Q: Run SQL Directly on CSV Files

rudolfwinestock · on Nov 15, 2018

“Any file is a database if you awk hard enough.” —Bryan Horstmann-Allen

https://twitter.com/neilkod/status/914217352564137984

Furthermore, no thread on CSV files can be complete without mentioning this infamous bit of fact-trolling: the ASCII standard has had unit- and record-delimiters baked into it from the beginning.

https://ronaldduncan.wordpress.com/2009/10/31/text-file-form...

rusk · on Nov 15, 2018

> the ASCII standard has had unit- and record-delimiters baked into it from the beginning.

That's mad that I've never heard of that before.

I'm amazed this isn't used more often!

stouset · on Nov 15, 2018

They don’t really get used IMO because if you’re storing ASCII or Unicode text, you have to be prepared for those characters to be in your data. And if you’re storing binary data, delimiters don’t really cut it in the first place.

bane · on Nov 15, 2018

No it's fine. Just base64 encode the binary data. It's common and streams, or you can capture and convert the entire field at once if you need to seek around in the binary data.

https://en.wikipedia.org/wiki/Base64

zbentley · on Nov 15, 2018

That only works if the thing consuming your CSV can be configured to decode whatever encoding you picked. Uploading CSVs of data to various SQL servers is an example case where that is often not possible.

rusk · on Nov 15, 2018

I didn't mean for CSV. There's plenty of usecases for tabular data that aren't hand coded that this could be used for. Plenty of times I've been just wanting to STGDD and not having to mess around with a serialization library, or have to select delimeters, encapsulators, do escaping etc.

marcodave · on Nov 15, 2018

also they cannot be found in keyboards, if you need to write CSV by hand

fulafel · on Nov 18, 2018

You can type it at a terminal the same way you can write other low-ascii codes.

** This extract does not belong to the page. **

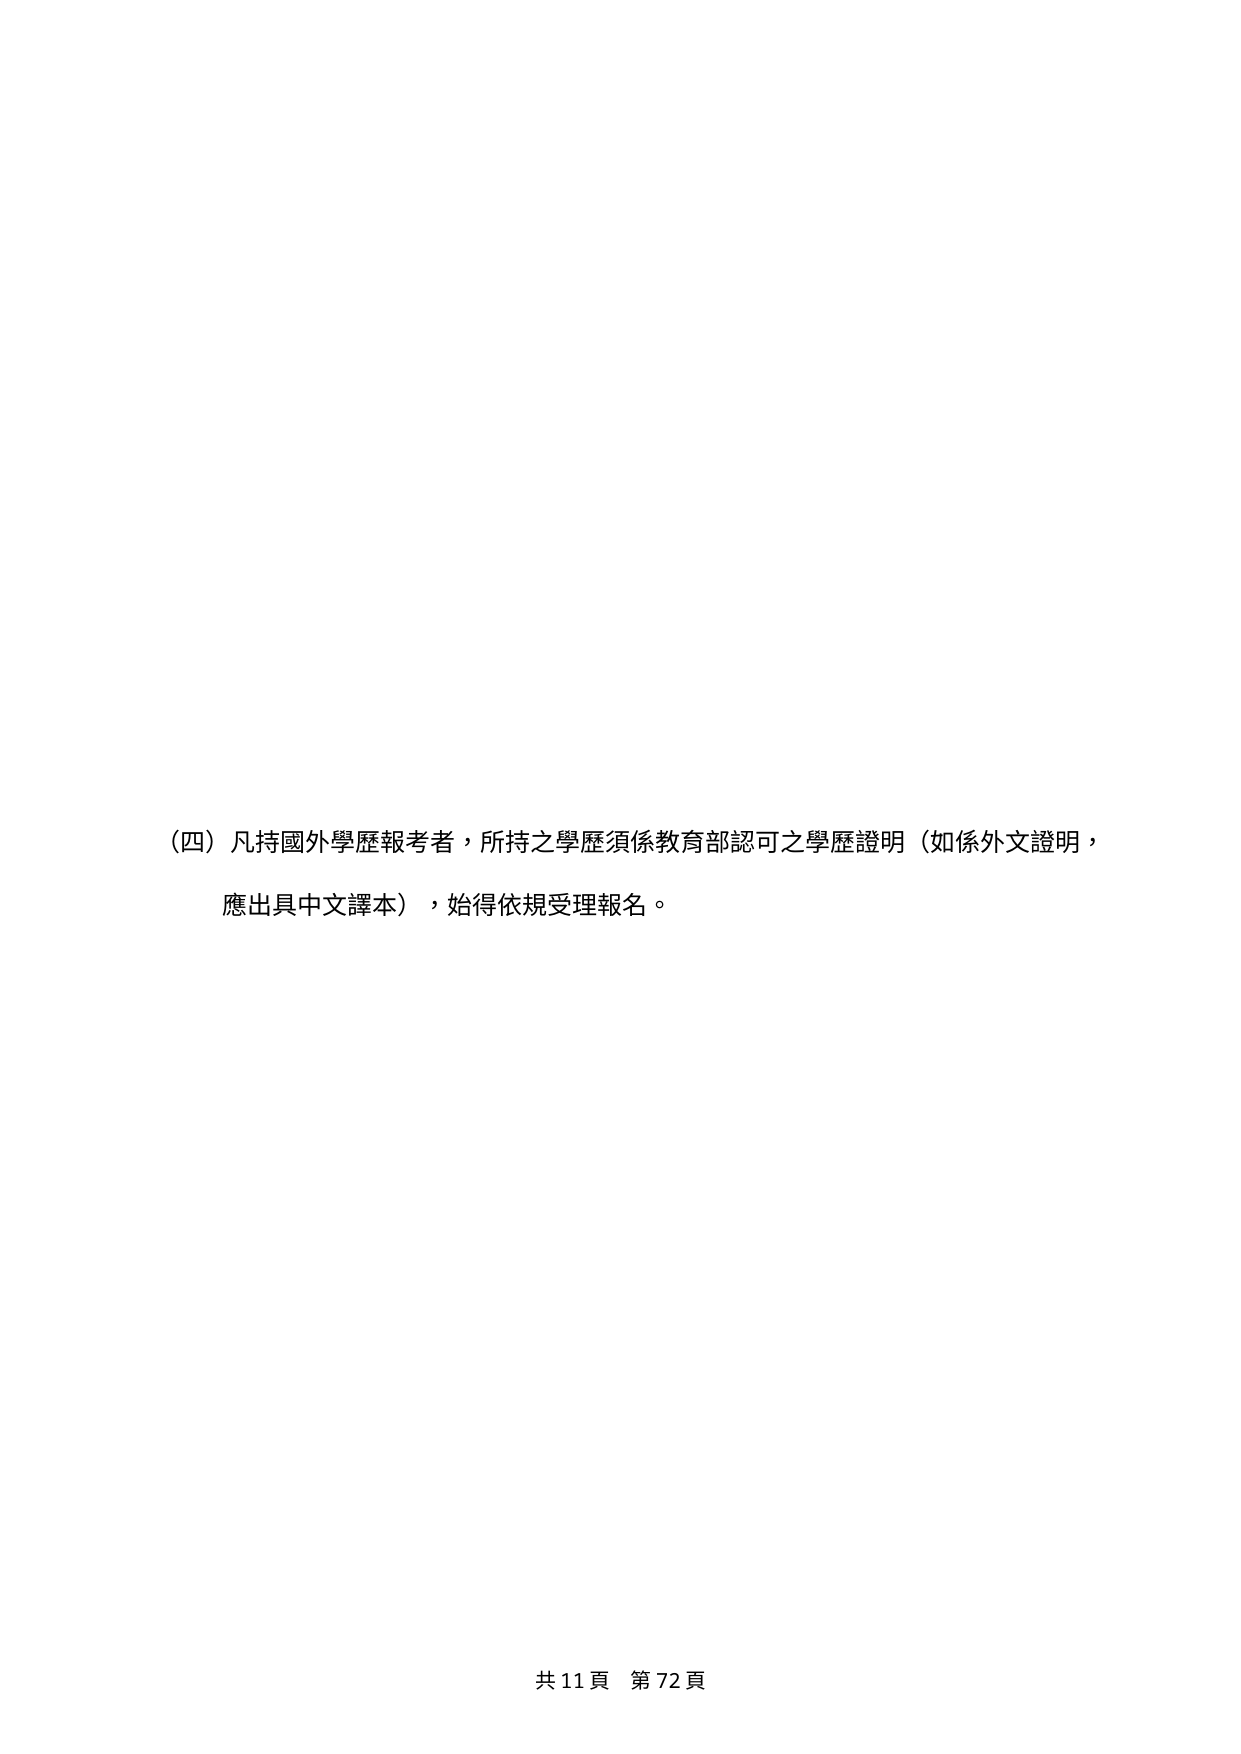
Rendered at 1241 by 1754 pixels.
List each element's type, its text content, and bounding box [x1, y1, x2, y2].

text （四）凡持國外學歷報考者，所持之學歷須係教育部認可之學歷證明（如係外文證明，應出具中文譯本），始得依規受理報名。 [156, 799, 1122, 924]

For example record separator, 30, is ctrl-^ - you can type it in the terminal by the usual literal control char way, ctrl-v[1].

So for example at a Python prompt:

  >>> ord('^^') # typed ctrl-v ctrl-^ here
  30

(the low unprintable ascii codes correspond to certain ctrl combinations because ctrl-x is just the ascii code of x with the high bits masked off (i.e. & 0x1f) )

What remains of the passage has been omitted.